Question

The magnetic field \[B = 2{t^2} + 4{t^2}\] (where \[t\]\[ = \] time) is applied perpendicular to the plane of a circular wire of radius \[r\] and resistance\[R\]. If all the units are in SI the electric charge that flows through the circular wire during \[t = 0s\]to \[t = 2s\] is
A. \[\dfrac{{6\pi {r^2}}}{R}\]
B. \[\dfrac{{24\pi {r^2}}}{R}\]
C. \[\dfrac{{32\pi {r^2}}}{R}\]
D. \[\dfrac{{48\pi {r^2}}}{R}\]

Answer 1

Hint: Here, the magnetic field given is time dependent that is, it is varying with time. This time varying magnetic field induces an emf in the wire and from Faraday’s law, we have the induced emf in a circuit is equal to the time rate of change of magnetic flux through the circuit.

Complete step by step answer:
Given, magnetic field, \[B = 2{t^2} + 4{t^2}\]
Radius of the circular wire \[ = r\]
And resistance of the circular wire\[ = R\]
We need to find the electric charge that flows through the wire during \[t = 0s\] to \[t = 2s\].
At \[t = 0s\], \[{B_1} = 2{(0)^2} + 4{(0)^2} \Rightarrow {B_1} = 0\]......................(1)
\[t = 2s\],\[{B_2} = 2{(2)^2} + 4{(2)^2} \Rightarrow {B_2} = 24\,{\text{Wb}}\,{{\text{m}}^{{\text{ - 2}}}}\]...................................(2)
As the magnetic field and the plane of the circular wire are perpendicular to each other so, there will be an induced emf in the wire due to varying magnetic field. The induced emf is given by,
\[\left| \varepsilon \right| = \dfrac{{\Delta {\phi _B}}}{{\Delta t}}\]..............................(3)
Where \[\Delta {\phi _B}\] is the change in the magnetic flux during the time interval \[\Delta t\].
The induced emf can also be written as,
\[\left| \varepsilon \right| = IR\].............................................(4)
where \[I\]is the current through the wire and \[R\]is the resistance of the wire.

Let \[\Delta Q\] be the charge flowing through the wire in the time interval\[\Delta t\]. So the current through the wire is, \[I = \dfrac{{\Delta Q}}{{\Delta t}}\]. Putting this value of \[I\]in equation (4), we get,
\[\left| \varepsilon \right| = \dfrac{{\Delta Q}}{{\Delta t}}R\].........................................(5)
Now, equating equations (3) and (5), we have,

\[\dfrac{{\Delta {\phi _B}}}{{\Delta t}} = \dfrac{{\Delta Q}}{{\Delta t}}R\]
\[ \Rightarrow \Delta {\phi _B} = \Delta QR\]
\[ \Rightarrow \Delta Q = \dfrac{{\Delta {\phi _B}}}{R}\]...........................................(6)
We have the formula for magnetic flux as, \[{\phi _B} = BA\cos \theta \] where \[B\] is the magnetic field and \[A\] is the area and \[\theta \]is the angle between the magnetic field vector and area vector of the wire.

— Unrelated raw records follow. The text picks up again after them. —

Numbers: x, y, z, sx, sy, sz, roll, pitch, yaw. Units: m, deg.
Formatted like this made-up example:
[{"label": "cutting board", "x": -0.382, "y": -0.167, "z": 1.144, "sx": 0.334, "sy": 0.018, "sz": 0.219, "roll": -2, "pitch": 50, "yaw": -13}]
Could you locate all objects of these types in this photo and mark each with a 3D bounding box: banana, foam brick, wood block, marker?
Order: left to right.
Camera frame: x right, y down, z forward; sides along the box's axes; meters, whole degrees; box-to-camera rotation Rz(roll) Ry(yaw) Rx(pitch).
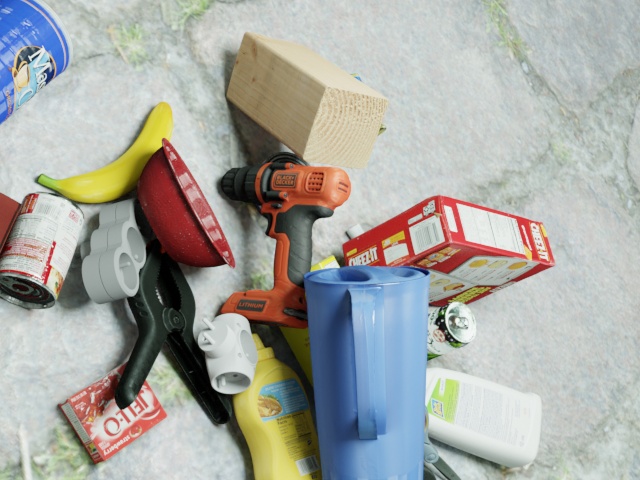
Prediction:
[{"label": "foam brick", "x": -0.342, "y": -0.009, "z": 1.061, "sx": 0.051, "sy": 0.053, "sz": 0.078, "roll": 30, "pitch": 55, "yaw": -23}, {"label": "banana", "x": -0.220, "y": -0.092, "z": 1.197, "sx": 0.197, "sy": 0.037, "sz": 0.069, "roll": -39, "pitch": 97, "yaw": -40}, {"label": "wood block", "x": -0.021, "y": -0.168, "z": 1.266, "sx": 0.090, "sy": 0.090, "sz": 0.206, "roll": 5, "pitch": 23, "yaw": -35}, {"label": "marker", "x": 0.073, "y": 0.034, "z": 1.371, "sx": 0.020, "sy": 0.020, "sz": 0.121, "roll": -34, "pitch": 93, "yaw": -41}]

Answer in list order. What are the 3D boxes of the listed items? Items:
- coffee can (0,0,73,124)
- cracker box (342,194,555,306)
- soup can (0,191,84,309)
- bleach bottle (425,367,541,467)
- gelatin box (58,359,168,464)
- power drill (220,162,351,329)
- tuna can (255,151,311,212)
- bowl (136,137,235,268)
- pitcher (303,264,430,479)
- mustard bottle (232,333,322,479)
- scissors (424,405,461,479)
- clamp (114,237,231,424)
[{"label": "coffee can", "x": -0.340, "y": -0.181, "z": 1.104, "sx": 0.102, "sy": 0.103, "sz": 0.140, "roll": 46, "pitch": 51, "yaw": -11}, {"label": "cracker box", "x": 0.160, "y": 0.017, "z": 1.326, "sx": 0.213, "sy": 0.164, "sz": 0.072, "roll": 11, "pitch": 60, "yaw": -43}, {"label": "soup can", "x": -0.286, "y": 0.009, "z": 1.084, "sx": 0.068, "sy": 0.069, "sz": 0.102, "roll": 28, "pitch": 56, "yaw": -24}, {"label": "bleach bottle", "x": 0.162, "y": 0.202, "z": 1.336, "sx": 0.250, "sy": 0.068, "sz": 0.102, "roll": 25, "pitch": 58, "yaw": -23}, {"label": "gelatin box", "x": -0.211, "y": 0.174, "z": 1.093, "sx": 0.089, "sy": 0.030, "sz": 0.073, "roll": -32, "pitch": 91, "yaw": -40}, {"label": "power drill", "x": -0.058, "y": 0.001, "z": 1.216, "sx": 0.057, "sy": 0.185, "sz": 0.187, "roll": 19, "pitch": 79, "yaw": -47}, {"label": "tuna can", "x": -0.044, "y": -0.064, "z": 1.317, "sx": 0.086, "sy": 0.034, "sz": 0.086, "roll": 15, "pitch": 62, "yaw": -31}, {"label": "bowl", "x": -0.154, "y": -0.029, "z": 1.161, "sx": 0.055, "sy": 0.162, "sz": 0.162, "roll": -28, "pitch": 88, "yaw": 1}, {"label": "pitcher", "x": 0.051, "y": 0.149, "z": 1.120, "sx": 0.148, "sy": 0.145, "sz": 0.243, "roll": -8, "pitch": 98, "yaw": -41}, {"label": "mustard bottle", "x": -0.050, "y": 0.196, "z": 1.183, "sx": 0.096, "sy": 0.058, "sz": 0.191, "roll": -7, "pitch": 75, "yaw": -49}, {"label": "scissors", "x": 0.112, "y": 0.261, "z": 1.294, "sx": 0.016, "sy": 0.096, "sz": 0.201, "roll": -104, "pitch": 171, "yaw": -61}, {"label": "clamp", "x": -0.170, "y": 0.094, "z": 1.132, "sx": 0.164, "sy": 0.036, "sz": 0.210, "roll": 13, "pitch": 57, "yaw": -56}]

Here,\[\cos \theta = \cos 90 = 1\]and area of the circle of radius \[r\] is \[\pi {r^2}\]. Therefore, magnetic flux is
\[{\phi _B} = BA = B\pi {r^2}\]
Magnetic flux at time \[t = 0s\]is \[{\phi _{B1}} = {B_1}\pi {r^2} = 0\] [using equation (1)]
Magnetic flux at time \[t = 2s\]is \[{\phi _{B2}} = {B_2}\pi {r^2} = 24\pi {r^2}\,\] [using equation (2)]
Change in magnetic flux,\[\Delta {\phi _B} = {\phi _{B2}} - {\phi _{B1}} = 24\pi {r^2}\]........................... (7)
Now, putting the value of \[\Delta {\phi _B}\] from equation (7) in equation (6), we get
$\\Delta Q = \dfrac{{\Delta {\phi _B}}}{R} \\$
$ \Rightarrow \Delta Q = \dfrac{{24\pi {r^2}}}{R} \\$
Therefore charge flowing through the circular wire during the interval \[t = 0s\] to \[t = 2s\] is \[\Delta Q = \dfrac{{24\pi {r^2}}}{R}\]

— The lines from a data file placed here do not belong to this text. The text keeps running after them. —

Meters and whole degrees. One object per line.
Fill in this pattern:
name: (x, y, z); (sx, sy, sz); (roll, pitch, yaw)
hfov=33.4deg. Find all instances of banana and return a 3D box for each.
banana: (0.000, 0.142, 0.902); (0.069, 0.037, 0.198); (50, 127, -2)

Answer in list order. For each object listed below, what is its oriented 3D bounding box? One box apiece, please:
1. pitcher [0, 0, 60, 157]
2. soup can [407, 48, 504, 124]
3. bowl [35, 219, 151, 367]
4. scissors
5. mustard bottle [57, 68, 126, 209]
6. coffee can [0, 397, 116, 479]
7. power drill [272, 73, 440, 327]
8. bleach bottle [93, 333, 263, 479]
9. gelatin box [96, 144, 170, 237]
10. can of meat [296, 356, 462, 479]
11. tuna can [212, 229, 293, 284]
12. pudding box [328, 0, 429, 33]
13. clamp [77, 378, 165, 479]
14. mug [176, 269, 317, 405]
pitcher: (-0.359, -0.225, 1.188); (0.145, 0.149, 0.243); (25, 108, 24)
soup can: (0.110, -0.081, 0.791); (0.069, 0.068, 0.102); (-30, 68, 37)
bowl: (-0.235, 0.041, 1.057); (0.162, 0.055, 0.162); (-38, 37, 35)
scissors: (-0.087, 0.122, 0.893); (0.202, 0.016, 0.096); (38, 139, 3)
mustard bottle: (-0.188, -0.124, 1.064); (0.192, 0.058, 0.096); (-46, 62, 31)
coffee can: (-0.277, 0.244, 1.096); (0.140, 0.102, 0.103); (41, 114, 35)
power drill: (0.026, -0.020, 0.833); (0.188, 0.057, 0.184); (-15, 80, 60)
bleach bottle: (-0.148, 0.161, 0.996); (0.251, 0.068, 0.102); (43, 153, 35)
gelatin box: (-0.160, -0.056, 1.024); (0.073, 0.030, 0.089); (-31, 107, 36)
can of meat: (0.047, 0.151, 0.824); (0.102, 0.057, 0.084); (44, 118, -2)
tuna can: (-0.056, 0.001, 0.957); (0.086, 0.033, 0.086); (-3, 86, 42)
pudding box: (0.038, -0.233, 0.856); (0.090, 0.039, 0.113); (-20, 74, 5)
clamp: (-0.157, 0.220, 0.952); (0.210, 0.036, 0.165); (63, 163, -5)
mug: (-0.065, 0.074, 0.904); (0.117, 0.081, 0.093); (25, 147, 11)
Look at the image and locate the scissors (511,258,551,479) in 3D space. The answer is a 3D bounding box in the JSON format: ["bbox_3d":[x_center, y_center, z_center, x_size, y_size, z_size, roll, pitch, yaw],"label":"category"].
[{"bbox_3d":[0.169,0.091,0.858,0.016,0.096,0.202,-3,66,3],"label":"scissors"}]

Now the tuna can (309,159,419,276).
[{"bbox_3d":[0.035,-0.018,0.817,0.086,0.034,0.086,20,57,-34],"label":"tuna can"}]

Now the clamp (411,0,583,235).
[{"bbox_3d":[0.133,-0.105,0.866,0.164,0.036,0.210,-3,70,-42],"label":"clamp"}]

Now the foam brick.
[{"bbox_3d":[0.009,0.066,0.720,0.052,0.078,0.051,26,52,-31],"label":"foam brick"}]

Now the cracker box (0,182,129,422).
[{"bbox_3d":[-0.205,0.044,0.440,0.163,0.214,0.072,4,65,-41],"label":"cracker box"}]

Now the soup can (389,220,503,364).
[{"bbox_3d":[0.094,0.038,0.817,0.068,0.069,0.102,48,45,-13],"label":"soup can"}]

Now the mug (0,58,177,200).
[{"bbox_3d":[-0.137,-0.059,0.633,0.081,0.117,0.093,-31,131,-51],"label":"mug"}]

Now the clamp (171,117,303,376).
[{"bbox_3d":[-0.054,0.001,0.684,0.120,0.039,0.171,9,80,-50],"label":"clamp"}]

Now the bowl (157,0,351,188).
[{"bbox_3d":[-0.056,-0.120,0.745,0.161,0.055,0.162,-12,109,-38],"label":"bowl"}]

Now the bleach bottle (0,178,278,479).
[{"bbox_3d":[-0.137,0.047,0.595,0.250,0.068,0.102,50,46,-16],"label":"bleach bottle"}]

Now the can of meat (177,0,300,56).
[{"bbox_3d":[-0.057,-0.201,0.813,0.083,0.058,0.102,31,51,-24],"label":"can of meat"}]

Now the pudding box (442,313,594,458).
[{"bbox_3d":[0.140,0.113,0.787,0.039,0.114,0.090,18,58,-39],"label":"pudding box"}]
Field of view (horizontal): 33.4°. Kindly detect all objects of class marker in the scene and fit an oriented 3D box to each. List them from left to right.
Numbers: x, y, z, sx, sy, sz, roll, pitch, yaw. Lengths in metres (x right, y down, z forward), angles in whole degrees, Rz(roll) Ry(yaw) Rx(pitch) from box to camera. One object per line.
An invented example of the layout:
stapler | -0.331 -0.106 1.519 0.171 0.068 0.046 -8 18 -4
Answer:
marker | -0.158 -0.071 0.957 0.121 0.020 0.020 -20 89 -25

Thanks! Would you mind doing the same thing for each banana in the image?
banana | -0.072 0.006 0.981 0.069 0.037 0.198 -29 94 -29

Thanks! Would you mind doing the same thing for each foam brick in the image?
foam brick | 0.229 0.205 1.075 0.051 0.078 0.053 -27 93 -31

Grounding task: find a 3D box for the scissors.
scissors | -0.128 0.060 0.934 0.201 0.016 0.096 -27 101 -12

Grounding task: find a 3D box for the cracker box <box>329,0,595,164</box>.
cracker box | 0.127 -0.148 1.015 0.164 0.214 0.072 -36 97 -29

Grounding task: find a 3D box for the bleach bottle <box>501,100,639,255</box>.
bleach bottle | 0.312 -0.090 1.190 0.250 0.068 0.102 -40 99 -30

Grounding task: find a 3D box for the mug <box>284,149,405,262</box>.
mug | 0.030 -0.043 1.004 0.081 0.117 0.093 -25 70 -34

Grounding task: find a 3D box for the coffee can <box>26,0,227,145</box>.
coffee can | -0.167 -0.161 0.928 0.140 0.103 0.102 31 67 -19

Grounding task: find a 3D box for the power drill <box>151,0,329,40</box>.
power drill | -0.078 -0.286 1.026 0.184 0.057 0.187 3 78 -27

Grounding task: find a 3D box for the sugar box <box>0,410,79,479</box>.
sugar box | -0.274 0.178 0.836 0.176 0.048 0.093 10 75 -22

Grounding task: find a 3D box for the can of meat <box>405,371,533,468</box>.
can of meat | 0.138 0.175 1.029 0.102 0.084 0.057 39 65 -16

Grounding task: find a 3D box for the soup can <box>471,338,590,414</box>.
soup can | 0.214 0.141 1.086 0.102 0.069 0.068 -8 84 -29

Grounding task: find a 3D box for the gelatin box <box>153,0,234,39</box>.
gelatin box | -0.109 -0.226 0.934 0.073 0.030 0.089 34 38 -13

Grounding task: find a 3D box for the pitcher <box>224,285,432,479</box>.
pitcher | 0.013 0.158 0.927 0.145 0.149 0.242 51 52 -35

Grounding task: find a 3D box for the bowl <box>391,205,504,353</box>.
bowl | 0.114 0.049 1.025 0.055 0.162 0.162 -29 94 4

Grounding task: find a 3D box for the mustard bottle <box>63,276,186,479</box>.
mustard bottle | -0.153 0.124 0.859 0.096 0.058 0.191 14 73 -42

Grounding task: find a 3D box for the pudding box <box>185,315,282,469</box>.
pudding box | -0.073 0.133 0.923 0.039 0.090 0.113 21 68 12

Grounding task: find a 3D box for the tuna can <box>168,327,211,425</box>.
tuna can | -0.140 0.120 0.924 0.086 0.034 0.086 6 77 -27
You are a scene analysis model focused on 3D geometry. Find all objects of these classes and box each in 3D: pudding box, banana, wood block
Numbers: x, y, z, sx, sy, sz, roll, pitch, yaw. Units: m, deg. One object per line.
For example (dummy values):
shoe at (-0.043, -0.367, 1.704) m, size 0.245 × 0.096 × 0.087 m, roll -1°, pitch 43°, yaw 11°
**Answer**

So, the correct answer is “Option B”.

Note:
Here, the magnetic field is changing with time, that is the magnetic flux is changing, so there is an induced emf but if the magnetic field is constant then there will be no change in the magnetic field and there will be no induced emf. So while solving such problems, one should check whether the magnetic field is varying with time or is constant.